Example 5: Multi-Vendor "Shootout" (Coding)

Goal: Compare performance across different providers for a specific task.

User: "I need to fix a complex React bug. Fix it using the top 3 best coding models available right now." What happens:

Benchmark: Filter top coding models using benchmark metrics.

Replicate: Search and run the prompt across those models.

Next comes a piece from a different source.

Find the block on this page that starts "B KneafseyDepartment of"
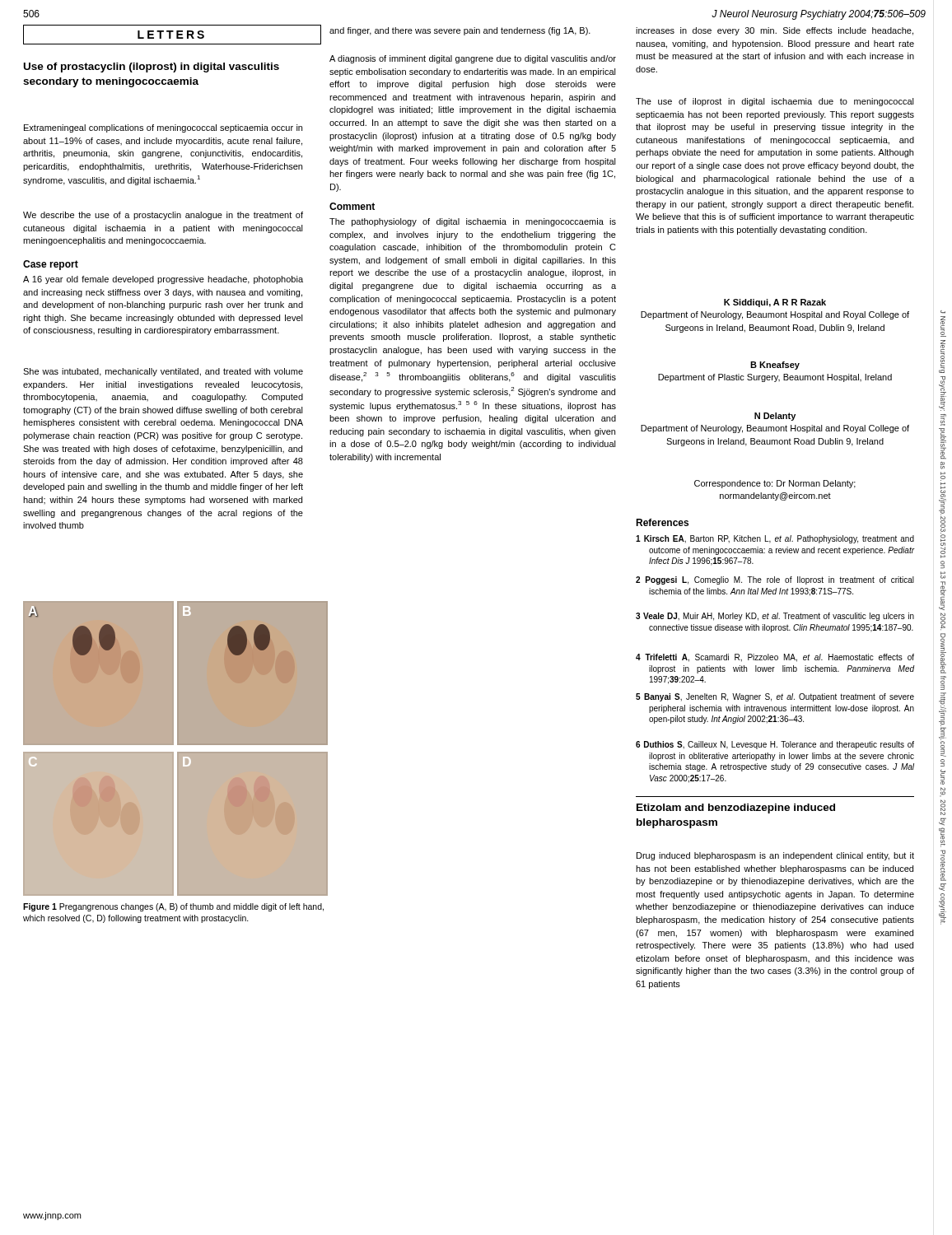tap(775, 371)
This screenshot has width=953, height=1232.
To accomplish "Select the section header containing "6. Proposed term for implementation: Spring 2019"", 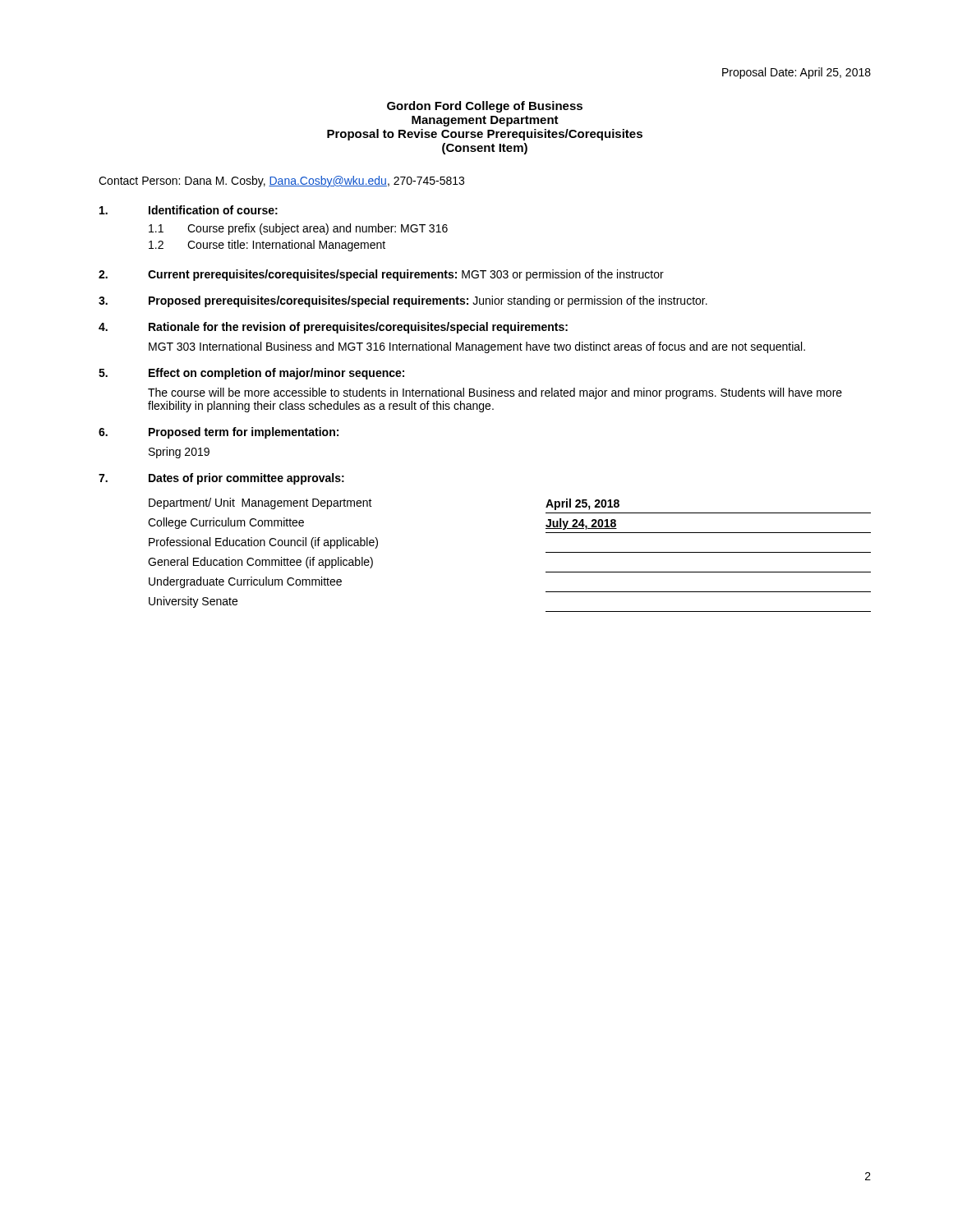I will click(219, 433).

Result: Compare outputs and choose the best.

MCP Tools

Benchmarks: benchmark_get_llm_models, benchmark_get_llm_models_preview, benchmark_get_text_to_image_models, benchmark_get_text_to_image_models_preview
Replicate: search_replicate_models_bulk, run_replicate_predictions_bulk_prompt
Meta: actor_get_version, get_protocol_documentation, get_readme_documentation

Disclaimer: The tools and workflows presented in this article provide a preliminary glimpse into the performance of various AI models, but these results should not be taken for granted. Automated comparisons are illustrative and may not reflect performance across all scenarios. To fully understand the specific strengths and weaknesses of candidate models, you must independently verify the results against your own data and requirements.